# Grid Search tuning of deep learning models

## Background
In a previous notebook on [Tuning CNN for Sentiment Analysis](https://github.com/Shumakriss/MachineLearningTutorials/blob/master/Keras%20Sentiment%20Analysis%20Part%202.ipynb) I tried my hand at manual hyperparameter tuning. After attempting to tune [hyperparameters](https://www.quora.com/What-are-hyperparameters-in-machine-learning) manually and seeking some outside suggestions, I found a few [automated techniques](http://machinelearningmastery.com/how-to-tune-algorithm-parameters-with-scikit-learn/) and that manual tuning is really [not the best way to spend your time](http://machinelearningmastery.com/machine-learning-model-running/). While I am proud of myself for considering ensembling, it seems that we might want to [try some other techniques](http://machinelearningmastery.com/how-to-improve-machine-learning-results/) first. In this model, we will follow the [machinelearningmastery.com](http://machinelearningmastery.com) example for [tuning deep learning models with Grid Search in Keras](http://machinelearningmastery.com/grid-search-hyperparameters-deep-learning-models-python-keras/). 

## Credit
If it was not obvious from the introduction, I have had a lot of help from [machinelearningmastery.com](http://machinelearningmastery.com) and I highly suggest following along their tutorials. My contributions are the iPython Notebook format which I hope you find useful and my trials and tribulations which I hope you might learn from (or avoid yourself).

## Approach
In this example, we use Sci-Kit Learn (a.k.a. sklearn) in Python to tune the hyperparameters of a deep learning model with Grid Search.
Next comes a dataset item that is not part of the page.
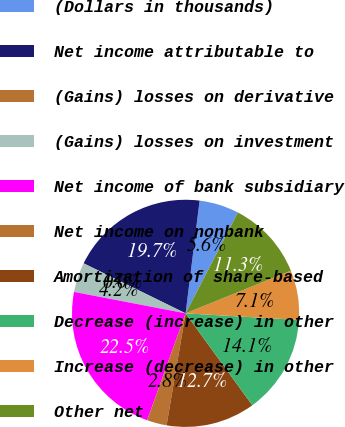Convert chart. <chart><loc_0><loc_0><loc_500><loc_500><pie_chart><fcel>(Dollars in thousands)<fcel>Net income attributable to<fcel>(Gains) losses on derivative<fcel>(Gains) losses on investment<fcel>Net income of bank subsidiary<fcel>Net income on nonbank<fcel>Amortization of share-based<fcel>Decrease (increase) in other<fcel>Increase (decrease) in other<fcel>Other net<nl><fcel>5.64%<fcel>19.71%<fcel>0.01%<fcel>4.23%<fcel>22.52%<fcel>2.82%<fcel>12.67%<fcel>14.08%<fcel>7.05%<fcel>11.27%<nl></chart>

## Example 1:  Tuning Batch Size and Number of Epochs
To begin, we build a very simple neural network with the Keras Sequential() object and initialize the Pima Indians Diabetes dataset.

In [6]:
# Use scikit-learn to grid search the batch size and epochs
import numpy
from sklearn.model_selection import GridSearchCV
from keras.models import Sequential
from keras.layers import Dense
from keras.wrappers.scikit_learn import KerasClassifier

# Function to create model, required for KerasClassifier
def create_model():
    # create model
    model = Sequential()
    model.add(Dense(12, input_dim=8, activation='relu'))
    model.add(Dense(1, activation='sigmoid'))

    # Compile model
    model.compile(loss='binary_crossentropy', optimizer='adam', metrics=['accuracy'])
    
    return model

# fix random seed for reproducibility
seed = 7
numpy.random.seed(seed)

# load dataset
dataset = numpy.loadtxt("pima-indians-diabetes.csv", delimiter=",")
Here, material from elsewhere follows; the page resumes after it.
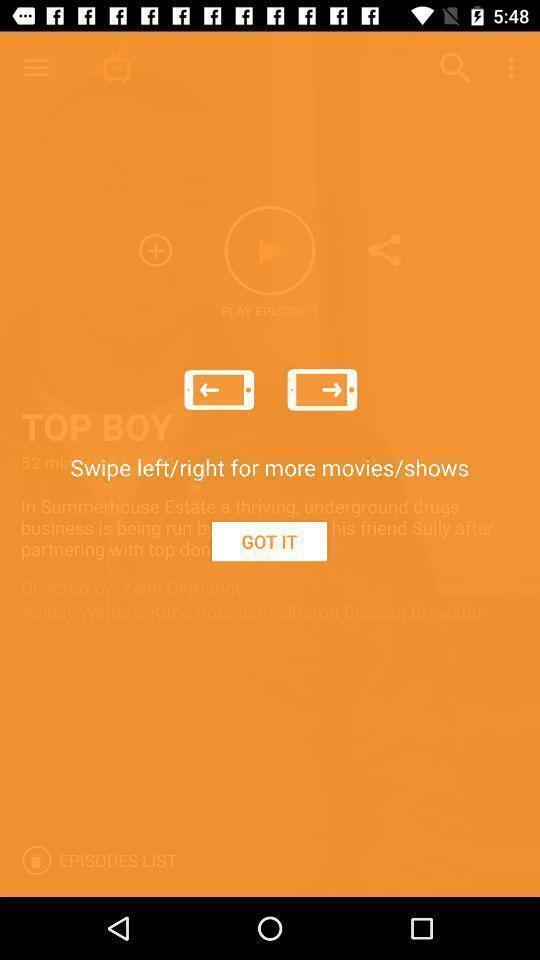Provide a description of this screenshot. Screen displaying demo instructions to access an application. 
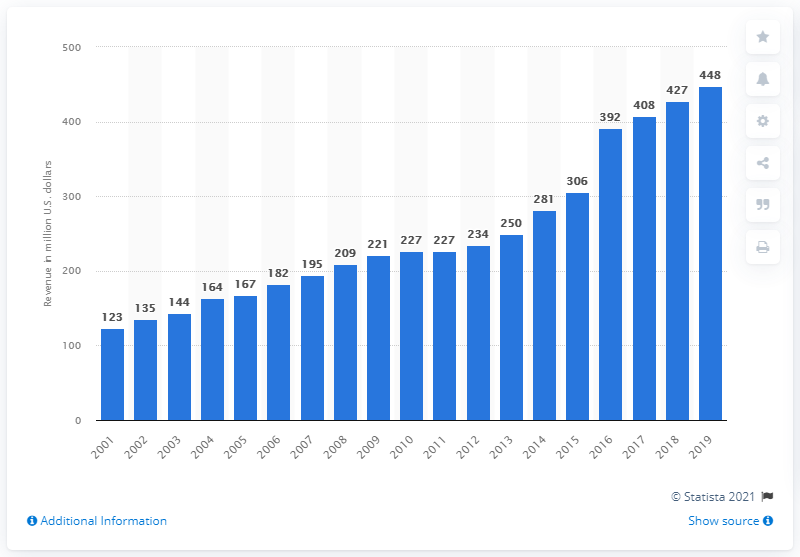Point out several critical features in this image. In 2019, the revenue of the Minnesota Vikings was 448 million dollars.

# split into input (X) and output (Y) variables
X = dataset[:,0:8]
Y = dataset[:,8]

Next, we prepare our model for use with sklearn by wrapping it with a KerasClassifier() object.

In [7]:
# create model
model = KerasClassifier(build_fn=create_model, verbose=0)

Grid search works by providing a list of parameters and possible values. Now we not need to write nested loops for each condition and we get a nice report afterward.

In [8]:
# define the grid search parameters
batch_size = [10, 20, 40, 60, 80, 100]
epochs = [10, 50, 100]
param_grid = dict(batch_size=batch_size, nb_epoch=epochs)
grid = GridSearchCV(estimator=model, param_grid=param_grid, n_jobs=-1)
grid_result = grid.fit(X, Y)

In [9]:
# summarize results
print("Best: %f using %s" % (grid_result.best_score_, grid_result.best_params_))
means = grid_result.cv_results_['mean_test_score']
stds = grid_result.cv_results_['std_test_score']
params = grid_result.cv_results_['params']
for mean, stdev, param in zip(means, stds, params):
    print("%f (%f) with: %r" % (mean, stdev, param))

Best: 0.690104 using {'nb_epoch': 100, 'batch_size': 40}
0.348958 (0.024774) with: {'nb_epoch': 10, 'batch_size': 10}
0.572917 (0.134575) with: {'nb_epoch': 50, 'batch_size': 10}
0.662760 (0.033197) with: {'nb_epoch': 100, 'batch_size': 10}
0.597656 (0.022326) with: {'nb_epoch': 10, 'batch_size': 20}
0.567708 (0.161196) with: {'nb_epoch': 50, 'batch_size': 20}
0.645833 (0.030978) with: {'nb_epoch': 100, 'batch_size': 20}
0.566406 (0.008438) with: {'nb_epoch': 10, 'batch_size': 40}
0.627604 (0.030647) with: {'nb_epoch': 50, 'batch_size': 40}
0.690104 (0.012890) with: {'nb_epoch': 100, 'batch_size': 40}
0.497396 (0.123210) with: {'nb_epoch': 10, 'batch_size': 60}
0.546875 (0.142885) with: {'nb_epoch': 50, 'batch_size': 60}
0.648438 (0.019401) with: {'nb_epoch': 100, 'batch_size': 60}
0.627604 (0.019225) with: {'nb_epoch': 10, 'batch_size': 80}
0.665365 (0.017566) with: {'nb_epoch': 50, 'batch_size': 80}
0.647135 (0.014731) with: {'nb_epoch': 100, 'batch_size': 80}
0.608073 (0.053115) wit

## Example 2: Tuning the Training Optimizer Algorithm
In the second example, we change the optimizer algorithm which is something we usually have decided based on conceptual knowledge, not empirical results.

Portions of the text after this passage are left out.